Belarusian lawyer and Opposition Coordination Council Presidium member Maxim Znak has gone on hunger strike in pretrial detention after being charged with inciting threats to national security, reports the Belarusian news outlet TUT.by, citing Znak’s defense lawyer, Dmitry Layevsky.
According to Layevsky, Znak “came to the conclusion” that in Belarus, mechanisms for protecting human rights don’t work, therefore, going on hunger strike in pretrial detention is one of the “few remaining ways to fight against lawlessness and injustice.”
It’s unclear from the charges which of Znak’s statements were considered threats to national security by the Belarusian Investigative Committee, Laevsky underscored.
“As Maxim Znak explained, his refusal of food is intended to encourage everyone, especially law enforcement, to recall the spiritual and moral values upon which the law is based, and not to destroy them,” Laevsky said.
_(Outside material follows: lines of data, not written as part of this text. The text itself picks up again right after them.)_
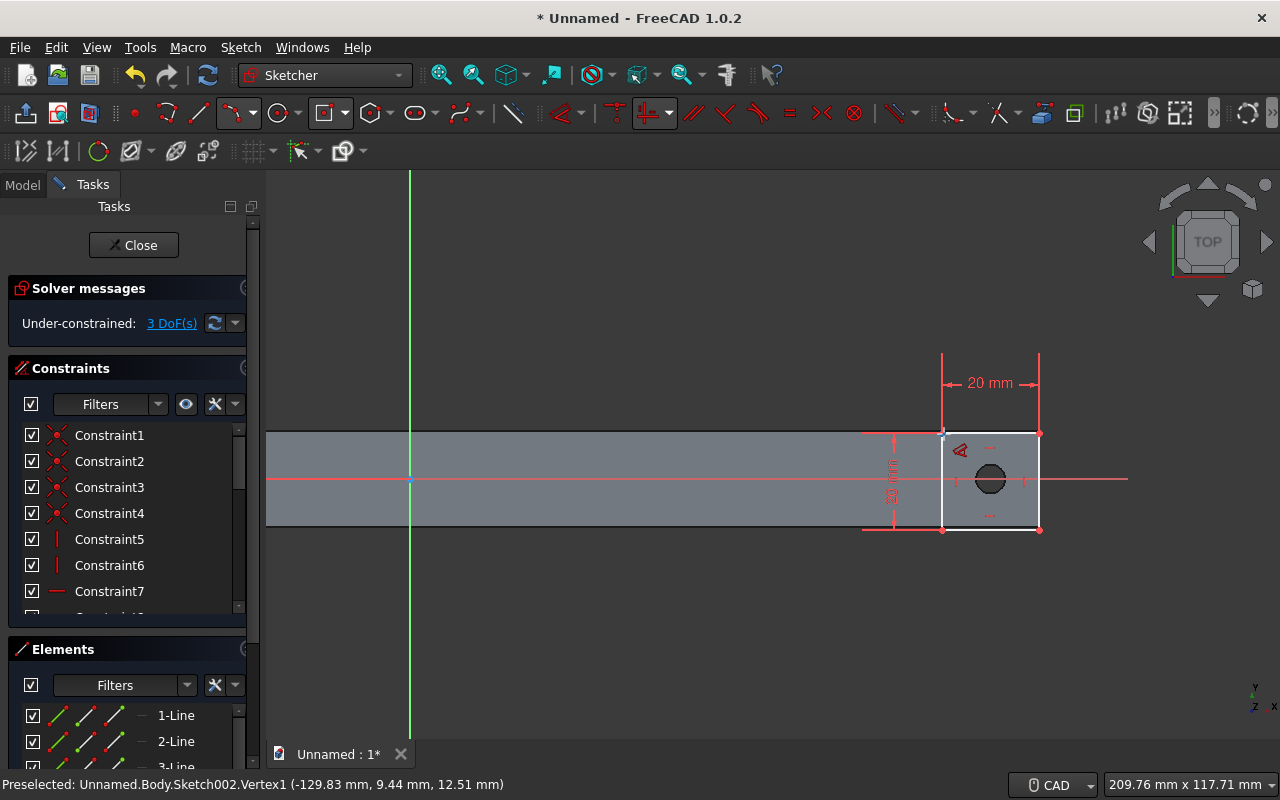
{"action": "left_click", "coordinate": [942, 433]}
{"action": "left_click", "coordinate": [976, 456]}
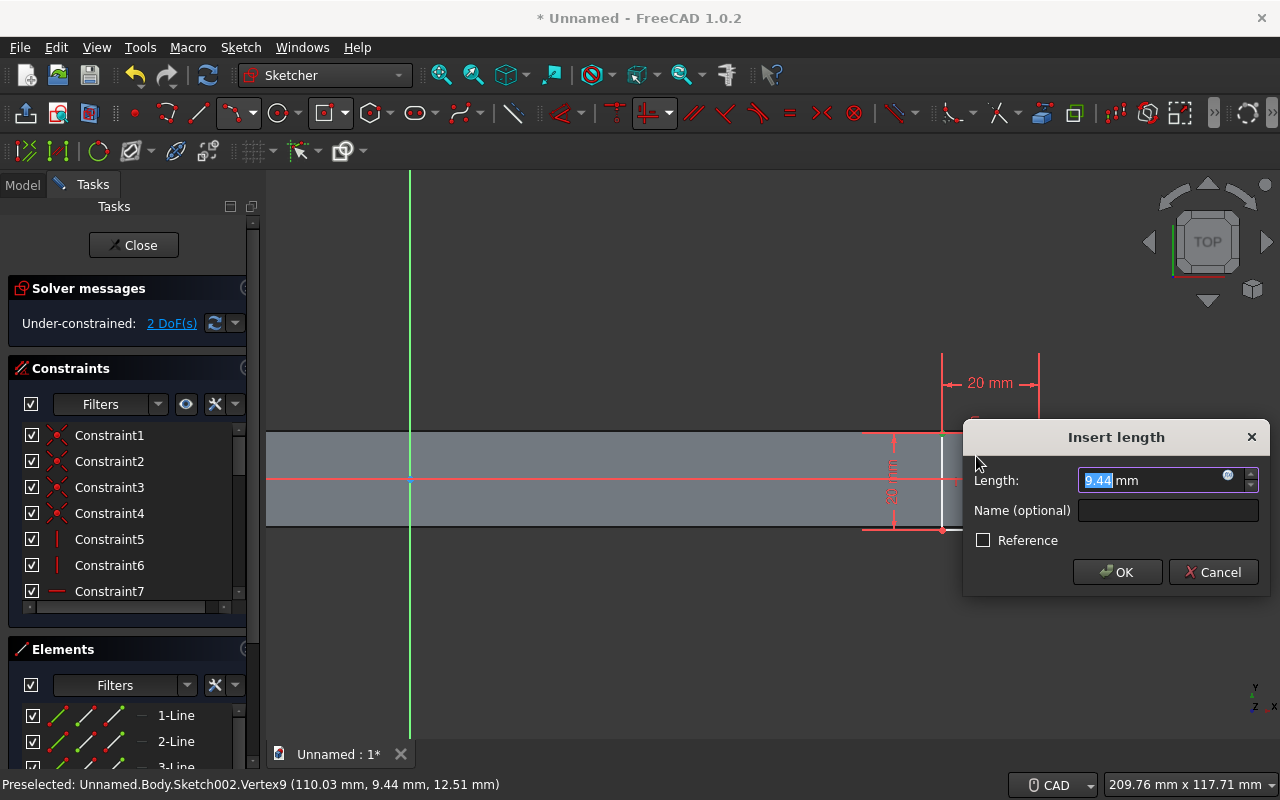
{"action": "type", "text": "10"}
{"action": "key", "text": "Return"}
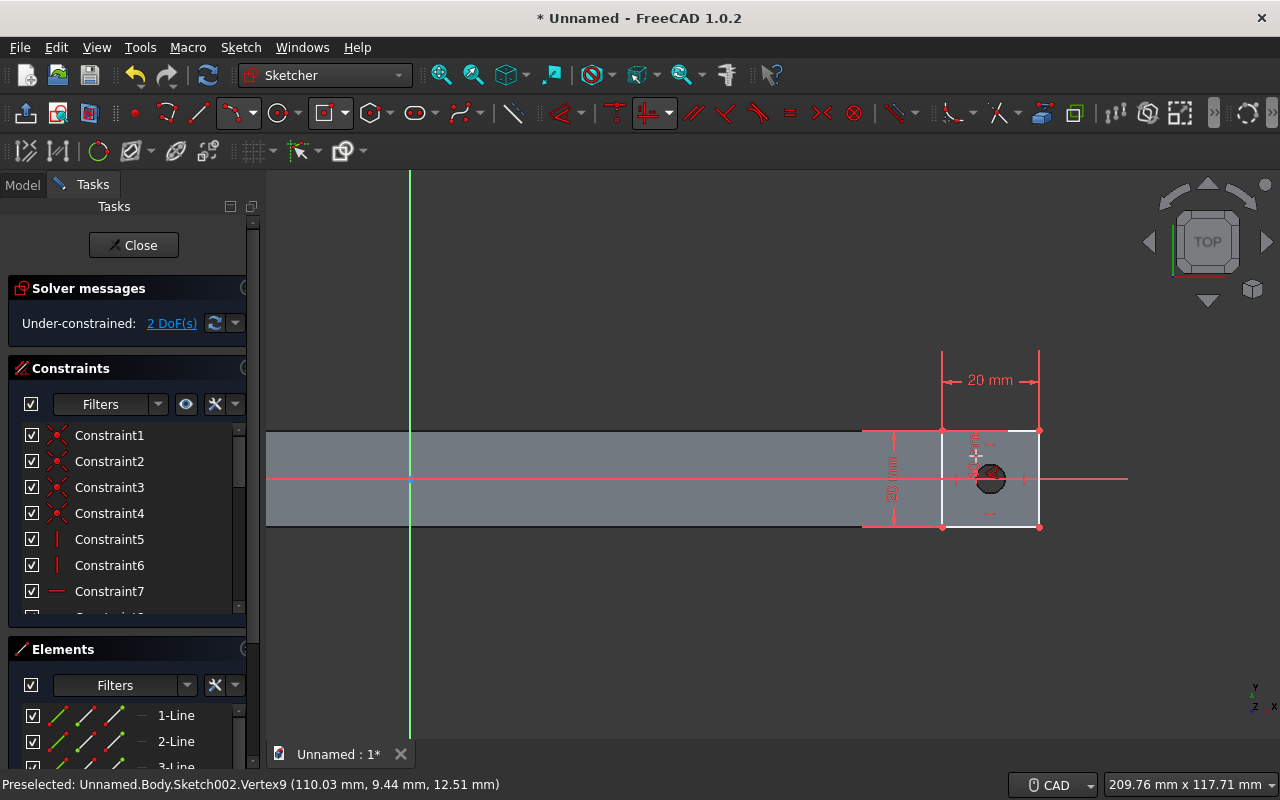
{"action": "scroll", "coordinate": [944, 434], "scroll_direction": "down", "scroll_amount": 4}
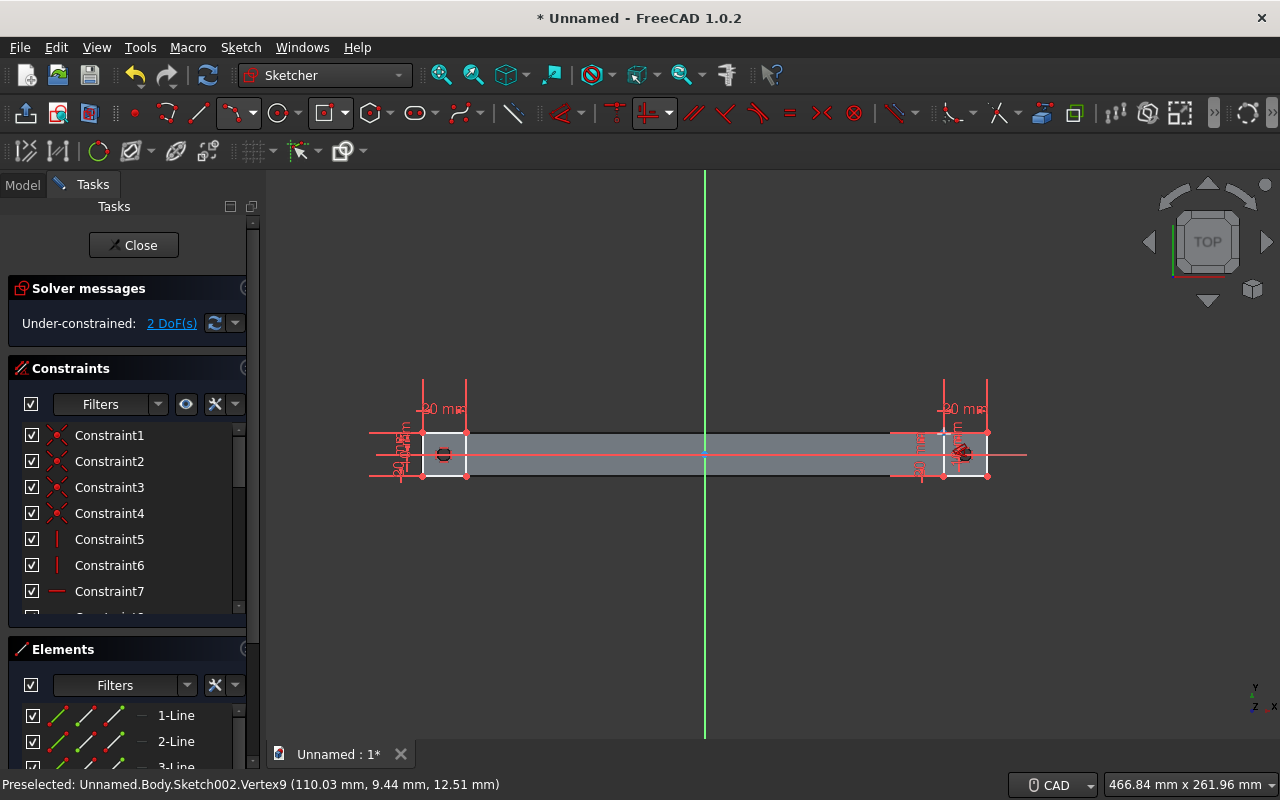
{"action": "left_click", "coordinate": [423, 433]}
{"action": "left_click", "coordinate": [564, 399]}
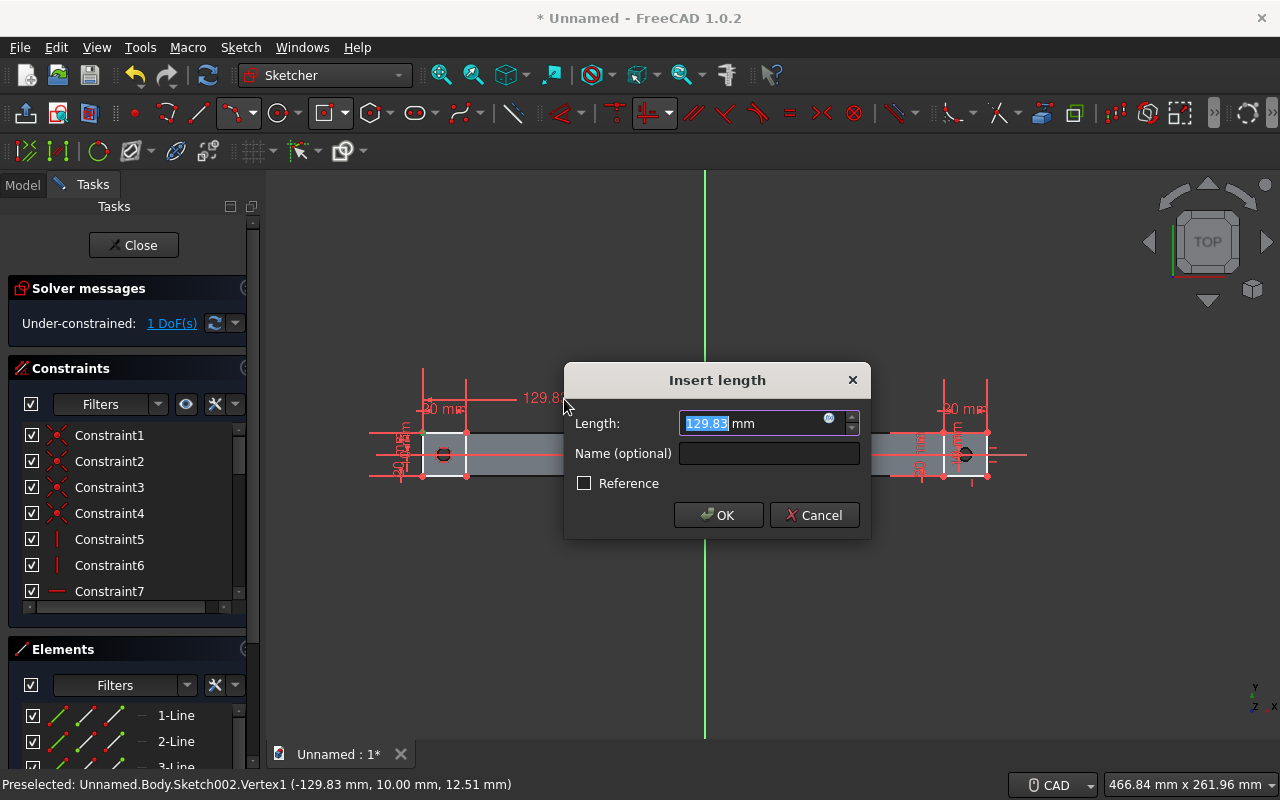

Opposition leader Maria Kolesnikova (Maryia Kalesnikava), who is also a member of the Opposition Coordination Council Presidium, was charged with inciting actions that threaten national security on September 16.
The founding of the Opposition Coordination Council was initiated by Svetlana Tikhanovskaya (Svyatlana Tsikhanouskaya), Alexander Lukashenko’s main competitor in the 2020 presidential election. The council’s declared aim is ensuring a peaceful transfer of power and new presidential elections in Belarus.
The council’s presidium includes seven people. In the month since the council was established, six of them have been either placed under arrest, forced to leave the country, or forcibly removed from Belarus.
The Opposition Coordination Council
After the Belarusian opposition founded its Coordination Council for the peaceful transfer of power in August 2020, Belarus’s Attorney General declared that its creation and activities constituted an attempt to seize power in Belarus. The Belarusian Investigative Committee launched a criminal case over “public calls to seize power.” Then, in September, it referred to an investigation over threats to national security (Section 3, Article 361 of the Belarusian Criminal Code). The Investigative Committee has yet to clarify the relationship between the two cases.
Article 361
Article 361 of the Belarusian Criminal Code covers “calls to perform acts detrimental to the external security of the Republic of Belarus.” Section one refers to “public calls to seize state power or to forcibly change the constitutional system,” or calls to commit high treason, terrorist acts, acts of sabotage, or other acts that threaten national security. Section three, which opposition leader Maria Kolesnikova is being charged under, refers to calls to commit the aforementioned acts using the mass media or the Internet.
Kolesnikova’s detention
Maria Kolesnikova was kidnapped in downtown Minsk on September 7 and arrested at the border with Ukraine the next day. According to her colleagues, Belarusian officials allegedly hoped to force her out of the country, but she ripped up her passport before reaching the border checkpoint, preventing herself from leaving Belarus. On September 8, reports emerged that Kolesnikova was being held in a pre-trial detention center in Minsk. On September 12, her lawyer confirmed that she had been transported to a jail in Zhodino.